Les défis de la transformation du secteur électrique européen

L’IFRI, think tank français plutôt orienté sur la géostratégie, a réalisé une étude sur la transformation du secteur électrique européen qui fait face à trois grands défis : la décarbonation, la digitalisation et la décentralisation. .

Les risques sont multiples: qu’il n’y ait pas suffisamment d’investissements dans les nouvelles capacités de production bas carbone ni dans les réseaux ; que l’insertion des technologies de stockage de l’électricité et de flexibilité du système se fasse à des coûts très élevés et de manière inefficace ; que l’interaction entre les grands réseaux et infrastructures et les microsystèmes soit mal pensée et coordonnée ; que la digitalisation des systèmes électriques nourrisse une nouvelle fracture numérique ; que nos systèmes électriques soient contrôlés de manière croissante par les GAFAMI (Google, Apple, Facebook, Amazon, Microsoft, IBM) ou des acteurs chinois; que la sécurité des approvisionnements et la décarbonation ne soient pas garanties. 

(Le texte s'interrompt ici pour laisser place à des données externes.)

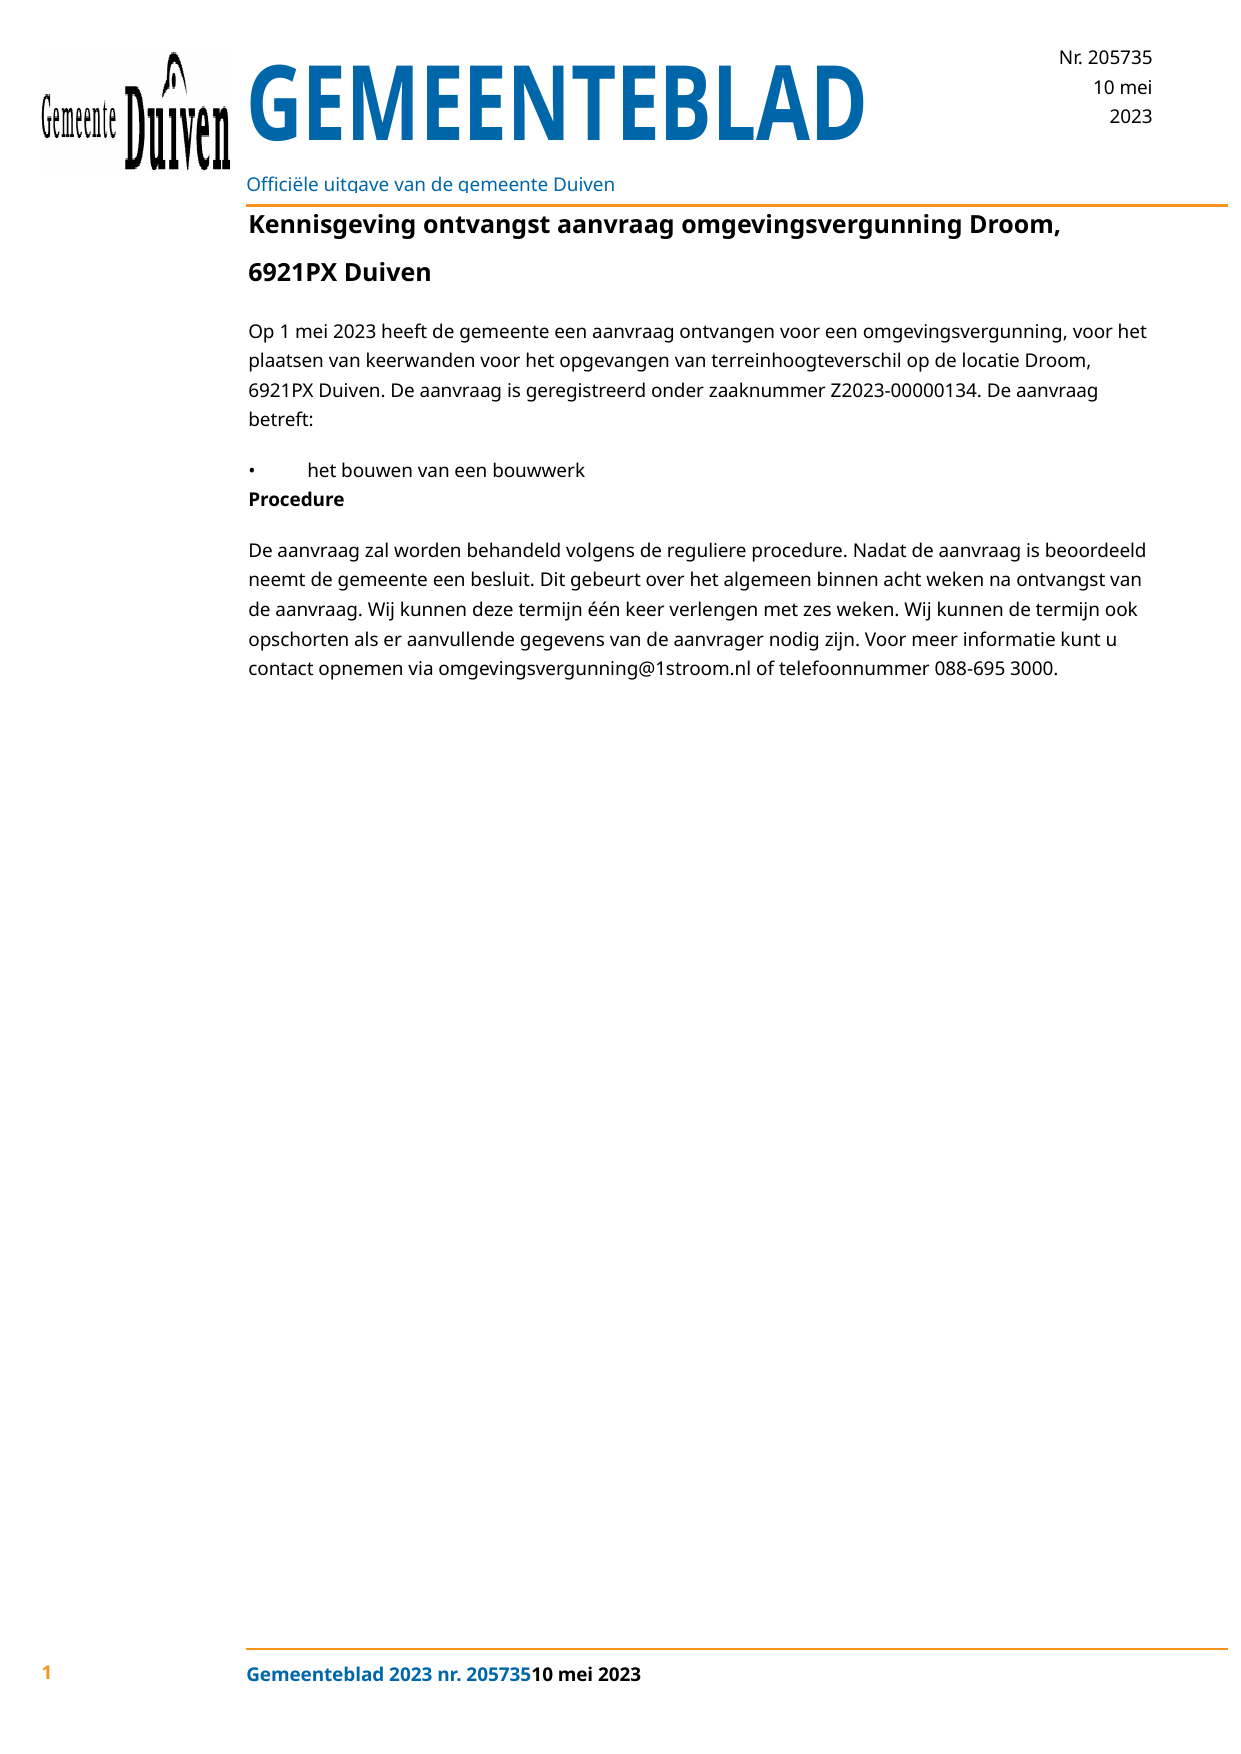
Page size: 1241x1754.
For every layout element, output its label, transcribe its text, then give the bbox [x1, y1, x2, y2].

list het bouwen van een bouwwerk [248, 457, 1152, 483]
text Kennisgeving ontvangst aanvraag omgevingsvergunning Droom, 6921PX Duiven [248, 207, 1152, 288]
picture [41, 47, 231, 172]
text Op 1 mei 2023 heeft de gemeente een aanvraag ontvangen voor een omgevingsvergunning, voor het plaatsen van keerwanden voor het opgevangen van terreinhoogteverschil op de locatie Droom, 6921PX Duiven. De aanvraag is geregistreerd onder zaaknummer Z2023-00000134. De aanvraag betreft: [248, 318, 1152, 432]
text Procedure [248, 487, 1152, 512]
text De aanvraag zal worden behandeld volgens de reguliere procedure. Nadat de aanvraag is beoordeeld neemt de gemeente een besluit. Dit gebeurt over het algemeen binnen acht weken na ontvangst van de aanvraag. Wij kunnen deze termijn één keer verlengen met zes weken. Wij kunnen de termijn ook opschorten als er aanvullende gegevens van de aanvrager nodig zijn. Voor meer informatie kunt u contact opnemen via omgevingsvergunning@1stroom.nl of telefoonnummer 088-695 3000. [248, 537, 1152, 681]

Capitalisation boursière de quelques sociétés du numérique, du pétrole et de l’électricité en milliards de USD à mi-juin 2018

L’approche dogmatique qui a présidé à la libéralisation de l’électricité en Europe, fondée sur une confiance absolue dans les mécanismes du marché mais avec des exceptions qui se sont multipliées au point d’entraver leur efficacité, a fragilisé les opérateurs historiques, lesquels sont confrontés à de nouveaux défis : un marché de gros qui n’envoie pas les bons signaux, une révolution numérique qui attire de nouveaux entrants peu enclins à investir dans des capacités électriques, des réseaux en pleine mutation à l’échelle locale comme à l’échelle mondiale. 

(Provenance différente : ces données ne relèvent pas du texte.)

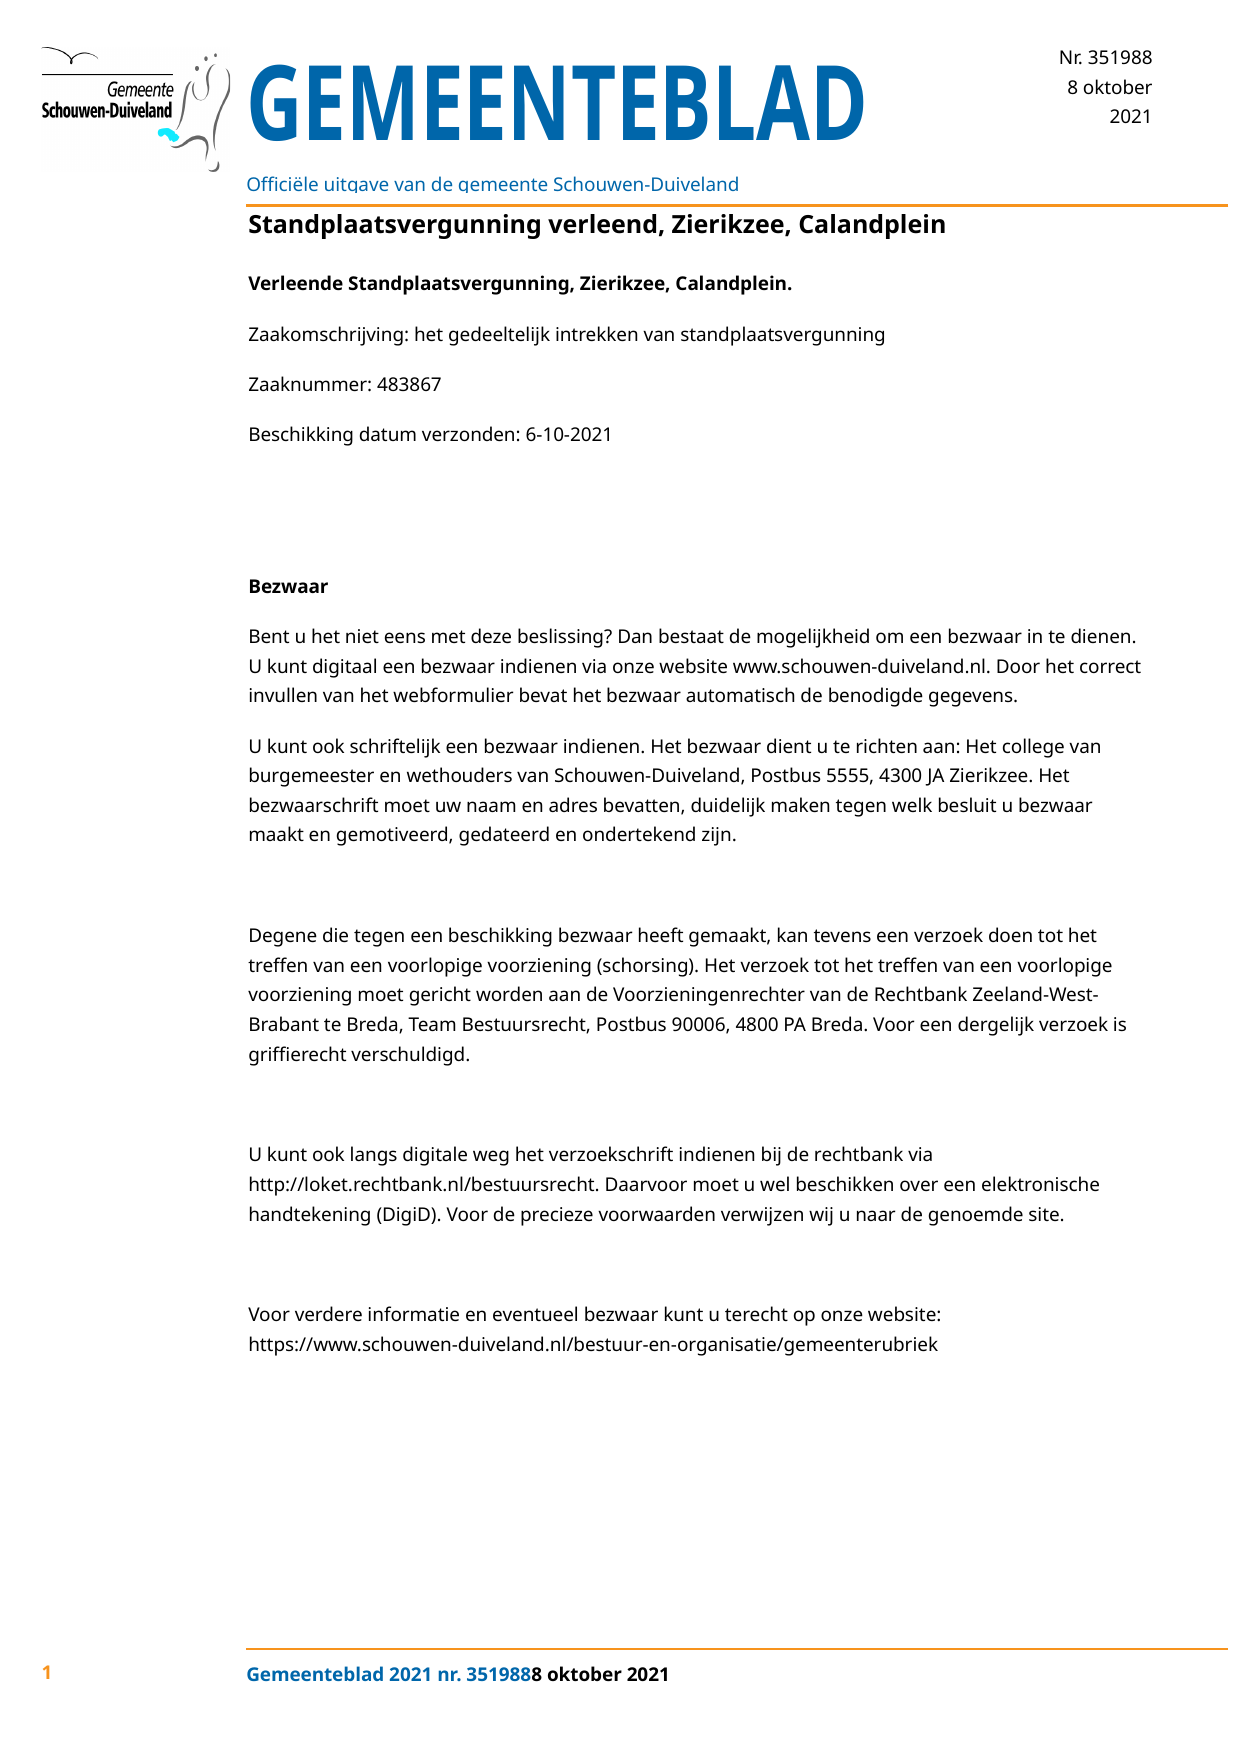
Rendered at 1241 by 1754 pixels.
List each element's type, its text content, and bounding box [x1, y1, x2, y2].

text Verleende Standplaatsvergunning, Zierikzee, Calandplein. [248, 270, 1152, 296]
text Bezwaar [248, 573, 1152, 598]
text Zaaknummer: 483867 [248, 371, 1152, 397]
text Degene die tegen een beschikking bezwaar heeft gemaakt, kan tevens een verzoek doen tot het treffen van een voorlopige voorziening (schorsing). Het verzoek tot het treffen van een voorlopige voorziening moet gericht worden aan de Voorzieningenrechter van de Rechtbank Zeeland-West-Brabant te Breda, Team Bestuursrecht, Postbus 90006, 4800 PA Breda. Voor een dergelijk verzoek is griffierecht verschuldigd. [248, 922, 1152, 1066]
text Beschikking datum verzonden: 6-10-2021 [248, 422, 1152, 447]
text Voor verdere informatie en eventueel bezwaar kunt u terecht op onze website: https://www.schouwen-duiveland.nl/bestuur-en-organisatie/gemeenterubriek [248, 1302, 1152, 1357]
picture [41, 47, 231, 172]
text Standplaatsvergunning verleend, Zierikzee, Calandplein [248, 207, 1152, 241]
text Zaakomschrijving: het gedeeltelijk intrekken van standplaatsvergunning [248, 321, 1152, 346]
text Bent u het niet eens met deze beslissing? Dan bestaat de mogelijkheid om een bezwaar in te dienen. U kunt digitaal een bezwaar indienen via onze website www.schouwen-duiveland.nl. Door het correct invullen van het webformulier bevat het bezwaar automatisch de benodigde gegevens. [248, 623, 1152, 708]
text U kunt ook schriftelijk een bezwaar indienen. Het bezwaar dient u te richten aan: Het college van burgemeester en wethouders van Schouwen-Duiveland, Postbus 5555, 4300 JA Zierikzee. Het bezwaarschrift moet uw naam en adres bevatten, duidelijk maken tegen welk besluit u bezwaar maakt en gemotiveerd, gedateerd en ondertekend zijn. [248, 733, 1152, 847]
text U kunt ook langs digitale weg het verzoekschrift indienen bij de rechtbank via http://loket.rechtbank.nl/bestuursrecht. Daarvoor moet u wel beschikken over een elektronische handtekening (DigiD). Voor de precieze voorwaarden verwijzen wij u naar de genoemde site. [248, 1142, 1152, 1226]

Il faut une vision industrielle de la concurrence qui permette à ces opérateurs de financer les investissements massifs nécessaires à la transition énergétique tout au long de la chaîne électrique sachant que la production va devenir de plus en plus décarbonée et les réseaux de plus en plus intelligentsIl appartient aux pouvoirs publics de répondre aux trois questions qui vont conditionner l’évolution du secteur dans les prochaines années : jusqu’où faut-il décentraliser la production d’électricité et, d’autre part, comment faut-il réguler les activités de réseaux pour intégrer les nouvelles technologies du numérique ? Et comment réconcilier le marché avec le déploiement à grande échelle des énergies renouvelables (ENR) indispensables pour décarboner mais qui, malgré la baisse de leurs coûts de déploiement, nécessiteront toujours des subventions et des solutions pour pallier leur intermittence ? 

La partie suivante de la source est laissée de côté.